Quotes About Running Marathons

Get inspired with these marathon running quotes

Running a marathon is an experience that's difficult to put into words. But these notable people from the running world manage to describe the physical and mental challenges of the 26.2-mile race with these marathon running quotes.

Fred Lebow, New York City Marathon co-founder:

"The marathon is a charismatic event. It has everything. It has drama. It has competition. It has camaraderie. It has heroism. Every jogger can't dream of being an Olympic champion, but he can dream of finishing a marathon."

More Quotes About the New York City Marathon

Frank Shorter, 1972 Olympic marathon gold medalist:

"You have to forget your last marathon before you try another. Your mind can't know what's coming."

Rob de Castella, winner 1983 World Marathon Championships:

"If you feel bad at 10 miles, you're in trouble. If you feel bad at 20 miles, you're normal. If you don't feel bad at 26 miles, you're abnormal."

Emil Zatopek, Czech runner; winner of four Olympic gold medals:

"We are different, in essence, from other men. If you want to win something, run 100 meters. If you want to experience something, run a marathon."

Bill Rodgers, winner of four Boston and four NYC marathons:

"The marathon can humble you."
More: Running Quotes from Bill Rodgers


"The thirst you feel in your throat and lungs will be gone minutes after the race is over. The pain in your legs within days, but the glory of your finish will last forever."

John Hanc, running writer

"I've learned that finishing a marathon isn't just an athletic achievement. It's a state of mind; a state of mind that says anything is possible."

Hal Higdon, running writer and coach:

"The difference between the mile and the marathon is the difference between burning your fingers with a match and being slowly roasted over hot coals."

Mike Fanelli, running club coach:

"I tell our runners to divide the race into thirds. Run the first part with your head, the middle part with your personality, and the last part with your heart."

Ryan Hall, U.S Olympic marathoner, on running a marathon:

"I don't think about the miles that are coming down the road, I don't think about the mile I'm on right now, I don't think about the miles I've already covered. I think about what I'm doing right now, just being lost in the moment."

Jacqueline Gareau, 1980 Boston Marathon champ:

"The body does not want you to do this. As you run, it tells you to stop but the mind must be strong. You always go too far for your body. You must handle the pain with strategy...It is not age; it is not diet. It is the will to succeed."

Uta Pippig:

"I definitely want to show how beautiful the marathon can be. I am the opponent of all those who find the marathon bad: the psychologists, the physiologists, the doubters. I make the marathon beautiful for myself and for others. That's why I'm here. "

Frank Shorter:

"You can actually suffer a little bit more going slowly than when you're going really fast.
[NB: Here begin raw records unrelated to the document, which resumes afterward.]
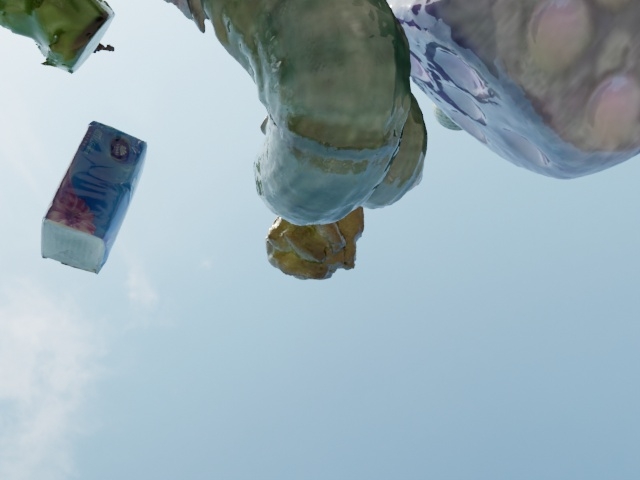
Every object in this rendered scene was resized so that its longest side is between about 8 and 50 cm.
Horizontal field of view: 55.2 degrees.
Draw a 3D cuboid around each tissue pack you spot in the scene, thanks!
[{"bbox_3d":[-0.491,-0.091,1.334,0.146,0.198,0.263,20,-121,-16],"label":"tissue pack"}]

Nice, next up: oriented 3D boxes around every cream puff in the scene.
[{"bbox_3d":[-0.010,-0.013,1.329,0.196,0.244,0.244,14,-132,31],"label":"cream puff"}]

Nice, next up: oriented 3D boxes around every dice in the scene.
[{"bbox_3d":[0.244,-0.248,0.654,0.270,0.270,0.271,39,-174,-27],"label":"dice"}]

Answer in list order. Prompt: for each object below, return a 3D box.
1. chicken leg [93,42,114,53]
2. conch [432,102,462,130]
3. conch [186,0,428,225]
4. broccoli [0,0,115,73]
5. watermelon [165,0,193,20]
[{"bbox_3d":[-0.412,-0.352,1.091,0.083,0.036,0.021,23,-141,-41],"label":"chicken leg"},{"bbox_3d":[0.357,-0.357,1.475,0.131,0.200,0.172,29,-121,-3],"label":"conch"},{"bbox_3d":[-0.001,-0.118,0.516,0.277,0.195,0.220,34,-169,-30],"label":"conch"},{"bbox_3d":[-0.367,-0.304,0.657,0.297,0.298,0.297,37,-127,-17],"label":"broccoli"},{"bbox_3d":[-0.354,-0.633,1.453,0.241,0.154,0.094,19,-109,-26],"label":"watermelon"}]
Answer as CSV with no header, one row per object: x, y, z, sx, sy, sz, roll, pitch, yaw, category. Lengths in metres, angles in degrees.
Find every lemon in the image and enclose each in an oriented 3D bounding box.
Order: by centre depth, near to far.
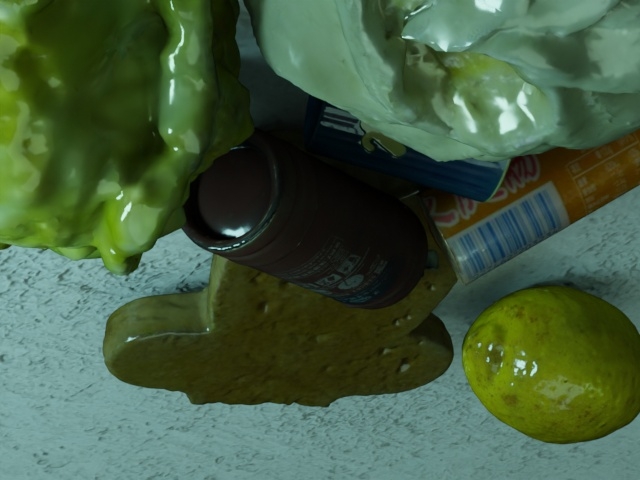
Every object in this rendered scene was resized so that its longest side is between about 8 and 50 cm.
0.245,0.129,1.723,0.207,0.170,0.170,21,136,-38,lemon

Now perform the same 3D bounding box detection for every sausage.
0.235,-0.077,1.423,0.312,0.093,0.093,-30,146,-1,sausage

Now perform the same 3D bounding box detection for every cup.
0.077,-0.128,1.321,0.155,0.131,0.176,10,105,-8,cup

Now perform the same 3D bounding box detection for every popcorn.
-0.183,-0.136,1.113,0.312,0.312,0.312,-7,147,-5,popcorn

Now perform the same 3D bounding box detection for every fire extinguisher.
0.000,0.000,1.386,0.138,0.102,0.344,-12,161,27,fire extinguisher

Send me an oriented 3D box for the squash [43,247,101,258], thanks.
-0.166,-0.044,1.382,0.187,0.123,0.123,-27,144,27,squash

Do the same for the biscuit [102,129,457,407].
-0.011,0.029,1.587,0.368,0.076,0.394,1,143,-18,biscuit

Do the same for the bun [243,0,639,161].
0.089,-0.191,1.033,0.365,0.219,0.365,17,140,15,bun
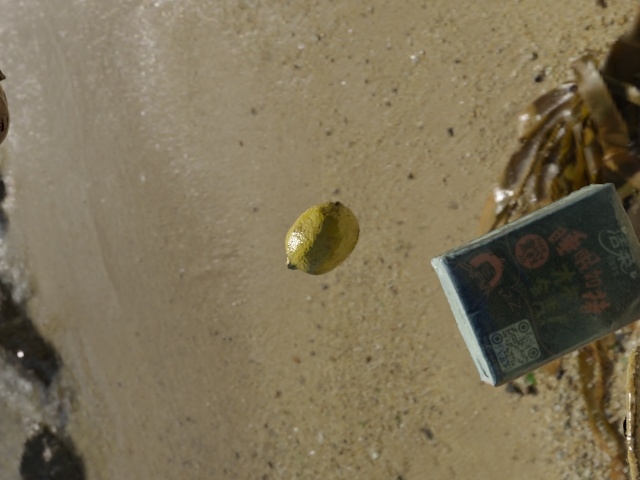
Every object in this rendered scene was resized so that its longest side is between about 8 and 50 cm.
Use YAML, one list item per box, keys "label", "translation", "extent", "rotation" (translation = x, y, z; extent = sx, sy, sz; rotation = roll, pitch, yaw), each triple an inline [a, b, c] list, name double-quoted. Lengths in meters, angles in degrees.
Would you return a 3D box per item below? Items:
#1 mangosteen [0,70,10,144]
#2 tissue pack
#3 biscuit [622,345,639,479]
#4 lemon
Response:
- label: "mangosteen"
  translation: [-0.301, -0.109, 0.764]
  extent: [0.081, 0.081, 0.081]
  rotation: [17, 114, 44]
- label: "tissue pack"
  translation: [0.365, 0.069, 1.462]
  extent: [0.103, 0.315, 0.228]
  rotation: [-171, 58, -82]
- label: "biscuit"
  translation: [0.458, 0.258, 1.302]
  extent: [0.033, 0.220, 0.220]
  rotation: [-3, 100, 25]
- label: "lemon"
  translation: [0.000, 0.000, 1.152]
  extent: [0.111, 0.082, 0.082]
  rotation: [-46, 65, 17]
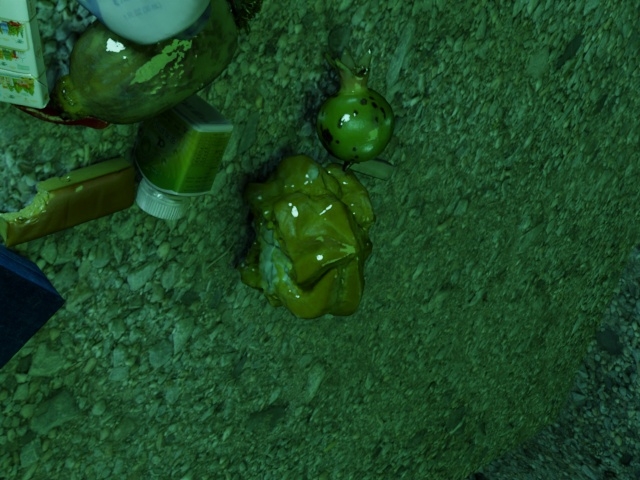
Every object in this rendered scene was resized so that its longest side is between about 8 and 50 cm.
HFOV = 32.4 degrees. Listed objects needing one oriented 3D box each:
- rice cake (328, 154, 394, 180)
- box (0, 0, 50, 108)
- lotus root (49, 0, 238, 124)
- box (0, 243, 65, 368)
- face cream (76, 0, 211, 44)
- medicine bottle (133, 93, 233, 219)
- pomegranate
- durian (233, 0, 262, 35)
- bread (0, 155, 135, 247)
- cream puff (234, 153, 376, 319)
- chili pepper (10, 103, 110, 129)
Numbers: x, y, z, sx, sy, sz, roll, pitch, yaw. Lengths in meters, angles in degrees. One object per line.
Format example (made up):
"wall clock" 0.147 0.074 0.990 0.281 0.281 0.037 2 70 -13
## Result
"rice cake" 0.085 -0.158 2.239 0.206 0.036 0.047 11 102 -54
"box" -0.424 -0.276 1.427 0.032 0.122 0.220 -71 169 -45
"lotus root" -0.253 -0.268 1.604 0.309 0.173 0.173 -39 146 -12
"box" -0.572 0.117 1.637 0.279 0.116 0.261 -47 149 0
"face cream" -0.286 -0.383 1.360 0.420 0.234 0.137 35 54 -47
"medicine bottle" -0.231 -0.134 1.784 0.088 0.132 0.189 -9 130 -48
"pomegranate" 0.051 -0.242 2.020 0.156 0.156 0.220 -33 108 -25
"durian" -0.080 -0.469 1.636 0.106 0.132 0.375 -14 140 -26
"bread" -0.398 -0.062 1.733 0.226 0.049 0.088 -21 138 -36
"cream puff" 0.003 0.003 2.093 0.274 0.269 0.323 -34 145 -33
"chili pepper" -0.379 -0.186 1.636 0.178 0.045 0.027 4 111 -45
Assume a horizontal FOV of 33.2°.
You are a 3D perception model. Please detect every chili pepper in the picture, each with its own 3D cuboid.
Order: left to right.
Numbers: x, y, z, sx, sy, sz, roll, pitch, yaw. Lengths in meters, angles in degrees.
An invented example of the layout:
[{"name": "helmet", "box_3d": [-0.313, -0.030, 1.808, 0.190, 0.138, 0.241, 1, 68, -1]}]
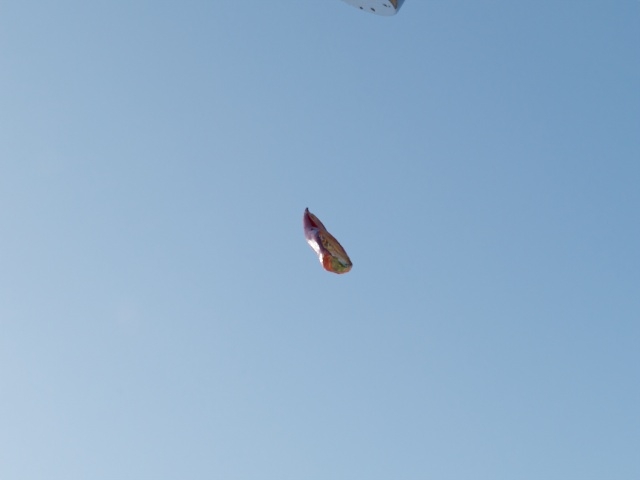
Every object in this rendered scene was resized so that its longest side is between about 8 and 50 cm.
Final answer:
[{"name": "chili pepper", "box_3d": [0.000, 0.000, 1.368, 0.045, 0.178, 0.027, 22, -71, -30]}]

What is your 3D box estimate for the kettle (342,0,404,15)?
[{"name": "kettle", "box_3d": [0.069, -0.502, 1.553, 0.251, 0.207, 0.271, 30, -92, -26]}]
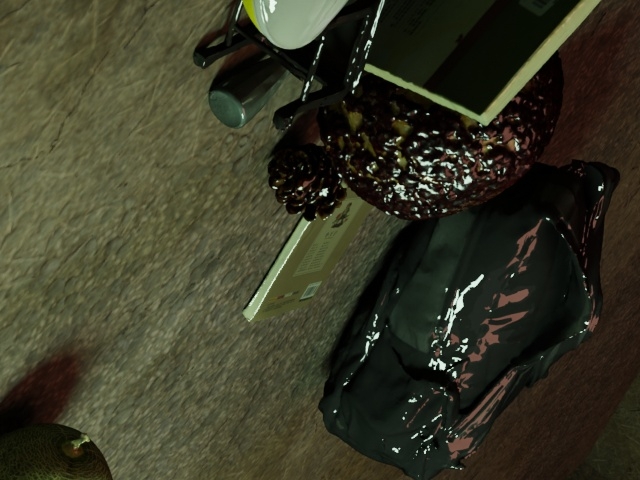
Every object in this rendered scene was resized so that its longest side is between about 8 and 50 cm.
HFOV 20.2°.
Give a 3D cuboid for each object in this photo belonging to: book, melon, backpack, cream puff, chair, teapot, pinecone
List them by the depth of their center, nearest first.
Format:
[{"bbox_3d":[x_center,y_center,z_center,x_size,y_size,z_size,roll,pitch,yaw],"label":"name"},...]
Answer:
[{"bbox_3d":[0.019,-0.199,1.491,0.229,0.106,0.113,-31,152,-41],"label":"chair"},{"bbox_3d":[0.122,-0.207,1.508,0.201,0.289,0.026,-49,124,-4],"label":"book"},{"bbox_3d":[-0.046,-0.142,1.556,0.111,0.043,0.042,-41,159,-31],"label":"teapot"},{"bbox_3d":[0.102,-0.139,1.634,0.239,0.239,0.165,-47,127,-8],"label":"cream puff"},{"bbox_3d":[-0.259,0.241,1.641,0.139,0.139,0.192,-20,149,-55],"label":"melon"},{"bbox_3d":[-0.016,-0.059,1.731,0.083,0.077,0.077,17,113,-44],"label":"pinecone"},{"bbox_3d":[0.000,0.000,1.952,0.198,0.016,0.138,-58,159,22],"label":"book"},{"bbox_3d":[0.203,0.080,2.212,0.363,0.255,0.445,-35,154,-52],"label":"backpack"}]

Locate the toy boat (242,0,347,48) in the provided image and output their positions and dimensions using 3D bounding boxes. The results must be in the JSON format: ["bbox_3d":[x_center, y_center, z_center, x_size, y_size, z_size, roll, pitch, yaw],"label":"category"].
[{"bbox_3d":[-0.007,-0.273,1.258,0.141,0.141,0.269,-25,148,-51],"label":"toy boat"}]

A faster marathon might even be easier than a slow one, in terms of what it takes out of you mentally. "

Ibrahim Hussein:

"At the two-thirds mark, I think of those who are still with me. Who might make a break? Should I? Then I give it all I've got."

Fred Lebow:

"Few things in life match the thrill of a marathon."


"It's not 26.2 miles...it's 10 water stops."

Barry Magee:

"Anyone can run 20 miles. It's the next six that count."

Bill Wenmark, running coach

"You should run your first marathon for the right reasons, because you'll never be the same person again. You must want to do it, not do it because your boss did it or your spouse did it."

Don Kardong:

"The key to running a good marathon is to not listen to anyone's advice the last week before the race. That's when people tend to do stupid things that disrupt all the input and training of the previous months."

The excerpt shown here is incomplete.